Overcoming A Battery's Fatal Flaw

Researchers use supercomputers to develop next-generation lithium-metal batteries for electric vehicles

As renewable energy grows as a power source around the world, one key component has proven elusive: large-scale, stable, efficient, and affordable batteries.

Lithium-ion batteries have been successful for consumer electronics, but electric vehicles, wind turbines, and smart grids require batteries with far greater energy capacity. A leading contender is the lithium-metal battery, which differs from lithium-ion technology in that it contains lithium-metal electrodes.

"Lithium-metal batteries are basically the dream batteries since they provide an extremely high energy density," said Reza Shahbazian-Yassar, associate professor of mechanical and industrial engineering at the University of Illinois at Chicago.

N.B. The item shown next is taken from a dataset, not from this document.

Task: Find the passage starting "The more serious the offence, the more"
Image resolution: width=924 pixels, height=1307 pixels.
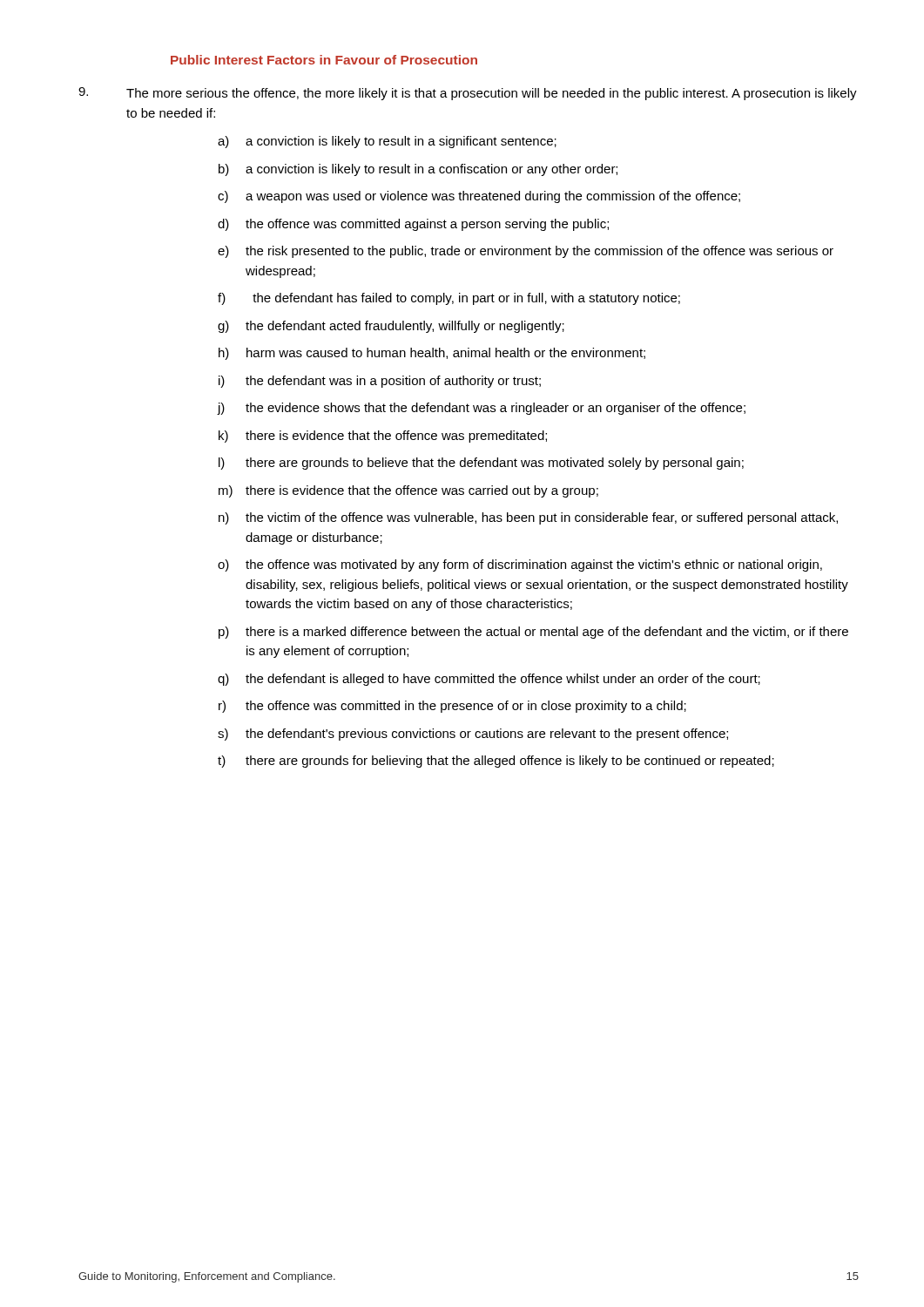Action: coord(469,103)

Ion pachinko: A new material controls how lithium ions combine with electrons in batteries. (Credit: Shahbazian-Yassar and Balbuena)

However, engineers have struggled to build commercially viable lithium-metal batteries because of a fatal flaw: dendrites, sharp "needles" of lithium atoms that can cause batteries to heat up, short-circuit, and catch fire.

Recently, a team of researchers, including Shahbazian-Yassar and Perla Balbuena at Texas A&M University, have been inching closer to finding a solution. They used the Stampede1 and Lonestar5 supercomputers to understand the core chemistry and physics at work in dendrite formation and to engineer new materials that can prevent dendrite growth.

Writing in Advanced Functional Materials in February 2018, the researchers presented a new material that may solve the long-standing dendrite problem.

"The idea was to develop a coating material that can protect the lithium metal and make the ion deposition much smoother," said Balbuena, professor of Chemical Engineering at Texas A&M and co-author on the paper.

The material the researchers developed is a graphene oxide nanosheet that can be sprayed onto glass and inserted into a battery. The material allows lithium ions to pass through it, but slows down and controls how the ions combine with electrons from the surface to become neutral atoms.

They used computer models and simulations in tandem with physical experiments and microscopic imaging to reveal how and why the material works. The lithium ions, they showed, form a thin film on the nanosheet and then sift through gaps in the layers of the material before settling below the bottom layer of the graphene oxide. The material acts like the pegs in a pachinko game, slowing and directing the metal balls as they fall.

The graphene oxide-doped batteries are stable for up to 160 cycles, whereas an unmodified battery rapidly loses its efficiency after 120 cycles. The oxide can be applied simply and affordably with a spray coating gun.

"The simulations gave our collaborators ideas about the mechanism of ion transfer through the coating," Balbuena said. Some future directions involve different thicknesses or chemical compositions based on the phenomenon that they observed.

The work is supported by the Department of Energy and is aimed at creating smaller, safer, lighter, and less expensive battery packs to make electric vehicles more viable.

"The research is a combination of chemistry, physics, and engineering," said Balbuena, "all enabled by computing, this theoretical microscope that can visualize phenomena through theory."